It can be tricky here in New Zealand to fit all the weather for a day in just a few short sentences. Here are some phrases that you will often find in our forecasts and what they mean.

Wet Weather

Wet weather symbols

Top row: Showers, rain and drizzle
Bottom row: Thunder, snow and hail

To most people, when it’s wet it’s wet, and it doesn’t make much difference whether you call it rain or showers. Forecasters use these terms to add extra information about the character of the precipitation.

Showers: Usually begin and end suddenly. Relatively short-lived, but may last half an hour. Often, but not always, separated by blue sky.

Rain: In contrast to showers, rain is steadier and normally comes with cloudy or overcast skies.
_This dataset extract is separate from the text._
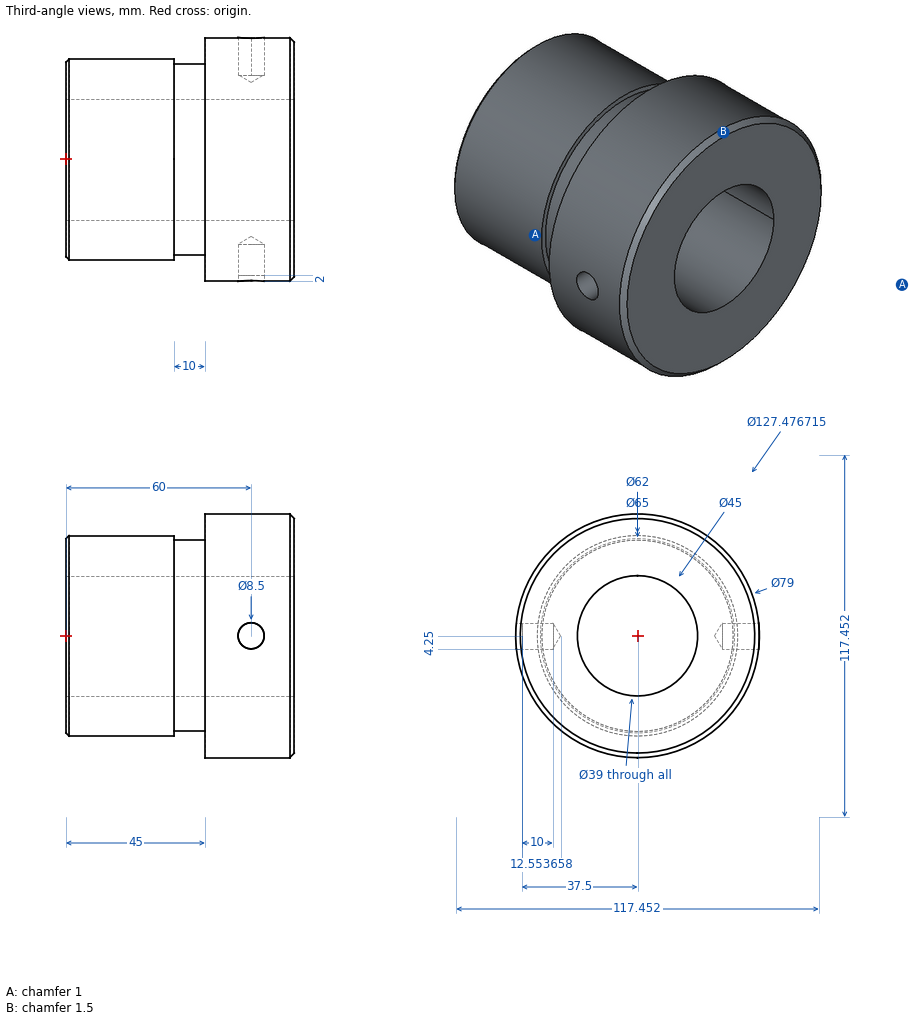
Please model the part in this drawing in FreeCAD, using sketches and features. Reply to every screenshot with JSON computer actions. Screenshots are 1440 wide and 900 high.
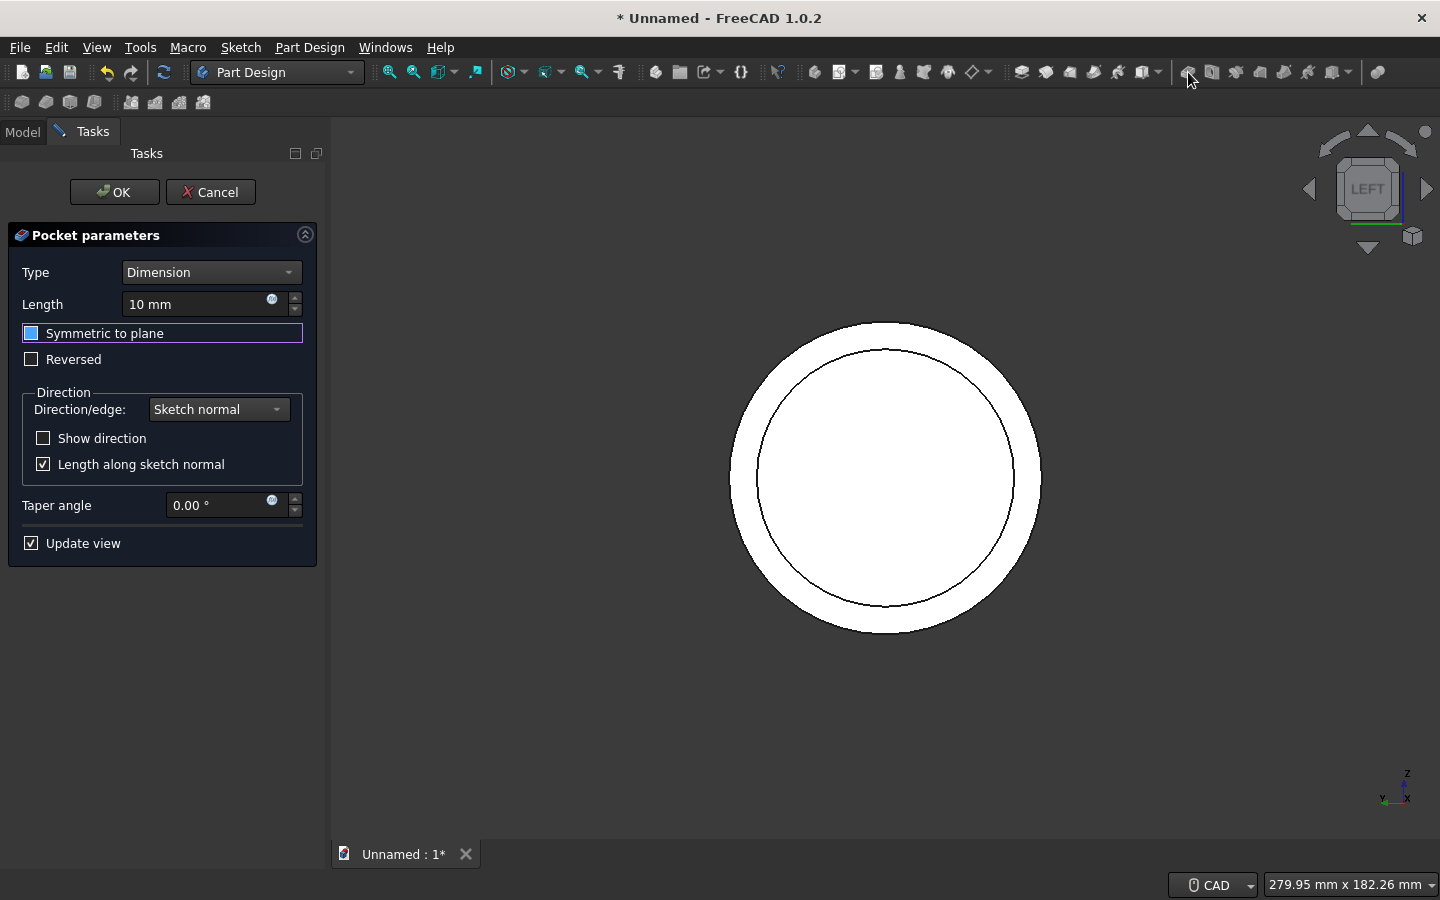
{"action": "left_click", "coordinate": [30, 359]}

Liquid water drops greater than 0.5 mm in diameter.

Drizzle: Consists of very small water droplets (less than 0.5 mm in diameter) very close to one another.

Thunderstorms: One or more convective (cumuliform) clouds in which electrical discharge can be seen as lightning and heard as thunder.

Thundery falls: Rain with embedded thunderstorms.

Snow: Precipitation composed of white or translucent ice crystals. The distinction between “snow” and “snow showers” is similar to the distinction between “rain” and “showers”. A “snow flurry” is a concise term describing a light snow shower where the snow does not stay/accumulate on the ground.

Sleet: A mixture of rain and snow.

Hail: Precipitation in the form of balls or irregular lumps of ice, usually produced by convective (cumuliform) clouds.

Duration of Wet Weather

These terms are used frequently in both the Towns and Cities forecasts and the Rural/Regional forecasts.

Brief: Short duration (usually 1 hour or less).

Occasional/at times: Occurs less than half the time, but is recurrent.

Frequent: Occurring regularly and often (usually associated with showers).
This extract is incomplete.